Однако меня беспокоили мои тайные помыслы. Я жаждал исправить действительность, всегда казавшуюся мне невыносимой, сочиняя пьесы для театра. Однажды я даже попытался написать пьесу тайком от всех. Если бы меня в этом уличили, я был бы смущен не меньше девственника, которого застали в момент мастурбации. От страха я сжег первый вариант, как только дописал последнюю сцену. Все было бы по-другому, если бы рак унес моего отца; но он остался жив, и его писательская жизнь ужасала меня. Отпугивали его поиски абсолюта в беспорядочном существовании. Ни за что на свете не хотел я идти по его стопам и боялся возрождения моих мальчишеских страхов, как только возьмусь за ручку и положу перед собой чистый лист бумаги. Лора не желала будить дремавшего во мне драматурга – предпочитала, чтобы я продавал водоподогреватели. Конечно, она не обладала притягательностью свободной Фанфан, но в ее объятиях я чувствовал себя надежно укрытым.
Случайная встреча в лифте укрепила мое желание остаться верным Лоре.
В тот же день я завтракал с отцом, и он не придумал ничего умней, как бросить мне:
– Если когда-нибудь начнешь писать, постарайся держать сразу несколько любовниц, у тебя будет больше шансов оказаться покинутым и, стало быть, несчастным!
Тогда я твердо решил, что никогда не буду писать и всю жизнь буду хранить верность одной женщине.
Через несколько дней состоялся просмотр двух фильмов Фанфан в гостиной моего отца в присутствии знакомого продюсера по имени Габилан.

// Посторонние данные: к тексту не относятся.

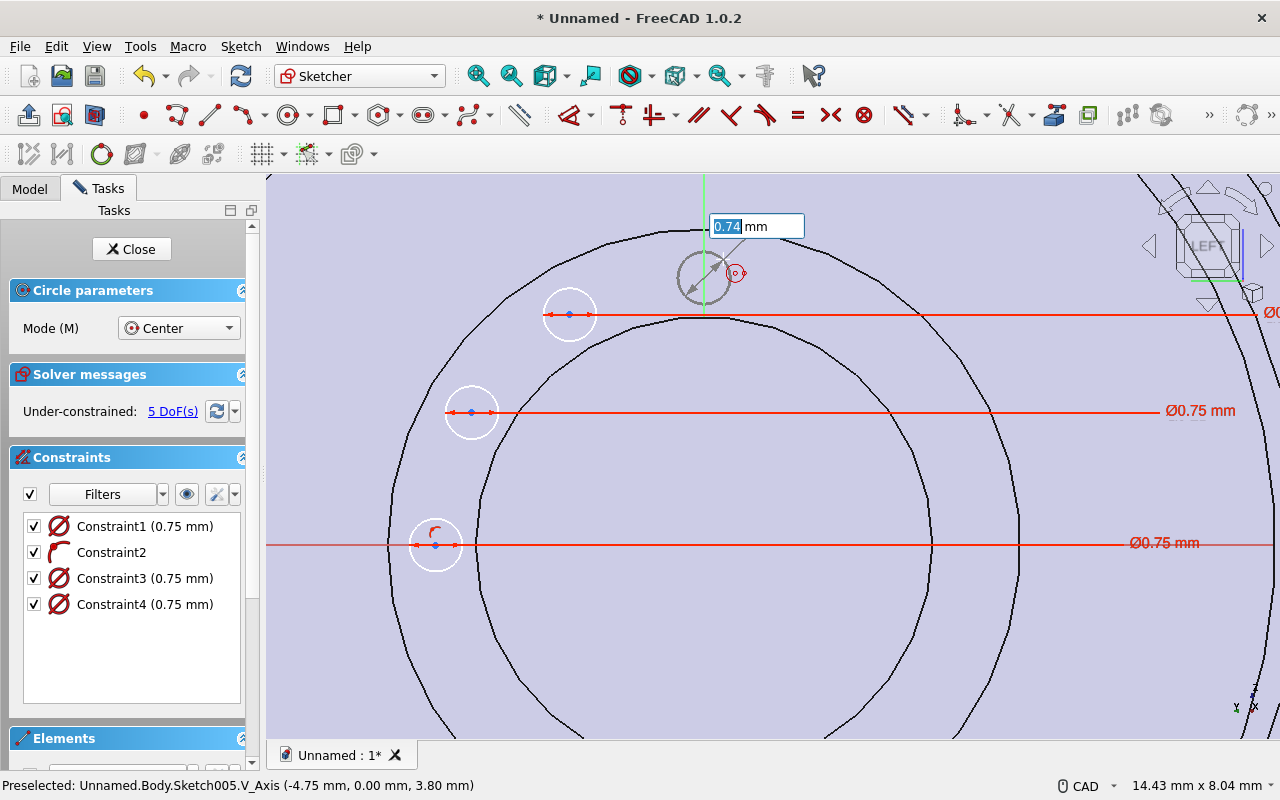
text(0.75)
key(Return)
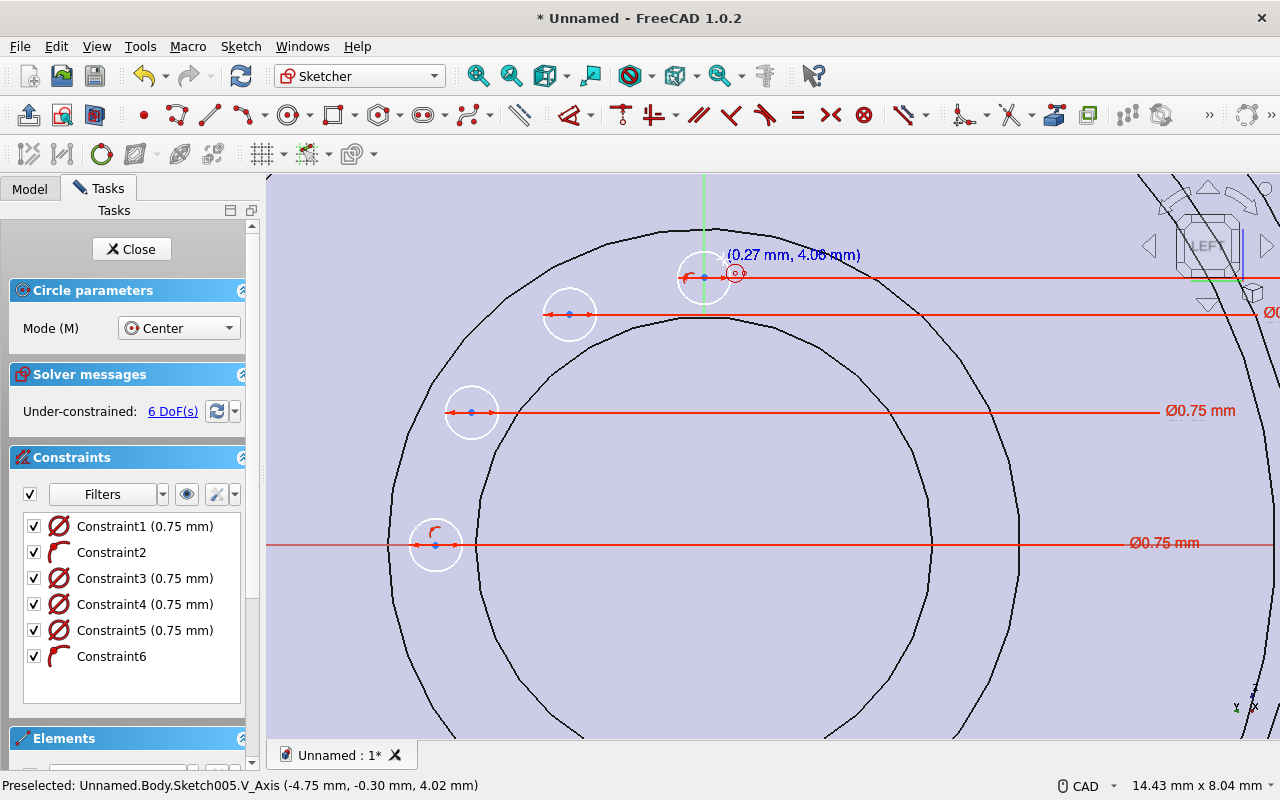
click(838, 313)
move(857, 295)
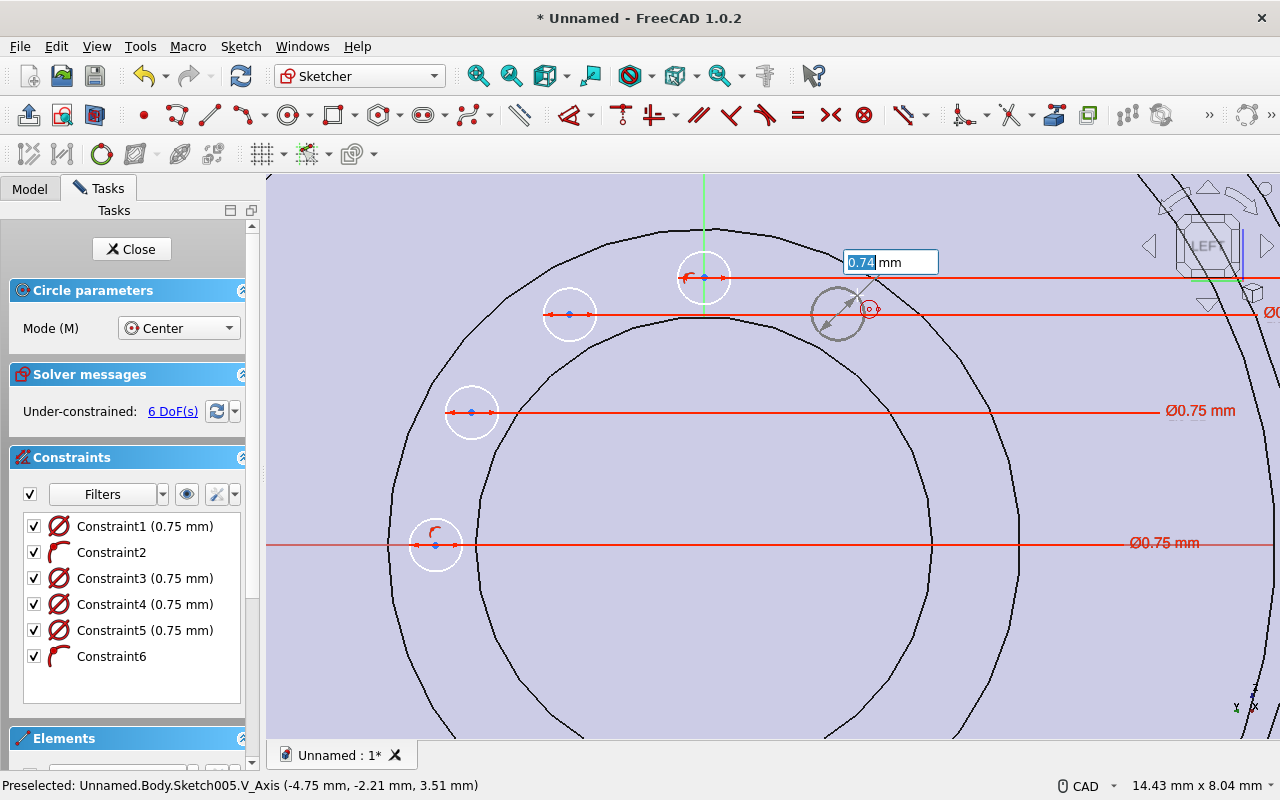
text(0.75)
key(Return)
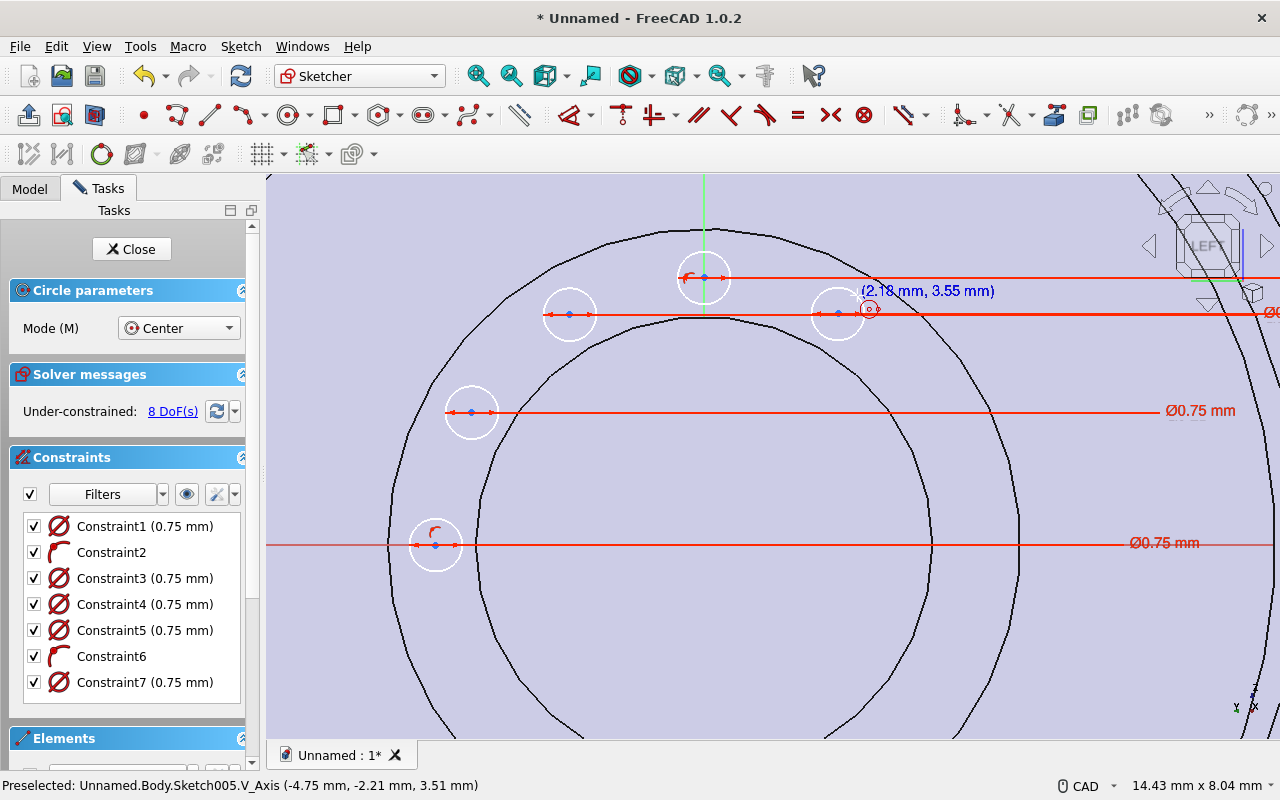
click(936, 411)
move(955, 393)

У Габилана было слишком много долгов, чтобы кредиторы принимали его всерьез. Время от времени он пускал слух о своем скором отъезде в Италию. Встревоженные парижские банкиры тогда выворачивались наизнанку, чтобы снабдить его деньгами, лишь бы он продолжал свою деятельность во Франции. Они надеялись таким путем получить обратно хотя бы часть своих денег. Обосновавшись в Италии, Габилан не заплатил бы им ни гроша.
Когда какой-нибудь из его фильмов каким-то чудом не оказывался убыточным и фирмы, занимающиеся прокатом, выдавали ему чек на кругленькую сумму, он вел переговоры с каждым из своих заимодавцев. Тот, у кого хватало сообразительности отсрочить остальные платежи на льготных условиях, получал деньги. А других он по полгода не приглашал на завтрак, чтобы выказать им свое неудовольствие.
Толстый и обрюзгший Габилан радовался жизни и высокомерно не обращал внимания на свои финансовые затруднения. Кинематограф представлялся ему мечтой, которую банкиры должны были щедро оплачивать.
Ему понравилась темпераментность Фанфан. Оба ее фильма, отснятые камерой «Сюпер-8», – вестерн и один из научно-фантастических – очаровали его. Думаю, Габилан был искренним, ибо не такой он человек, чтобы лгать без надобности. Впрочем, к своим комплиментам он присовокупил предложение, заставившее Фанфан подпрыгнуть от радости:
– В двух моих ближайших фильмах вы будете второй помощницей режиссера, в третьем – первой. Хочу, чтобы вы попривыкли к работе настоящих съемочных групп. Потом я сделаю ваш первый фильм на широкой пленке, идет?
Фанфан бросилась толстяку на шею и расцеловала в обе щеки. Он даже смутился.
А уж мой отец был явно восхищен броской красотой Фанфан. Мне не нравился огонек в его глазах, когда он смотрел на нее.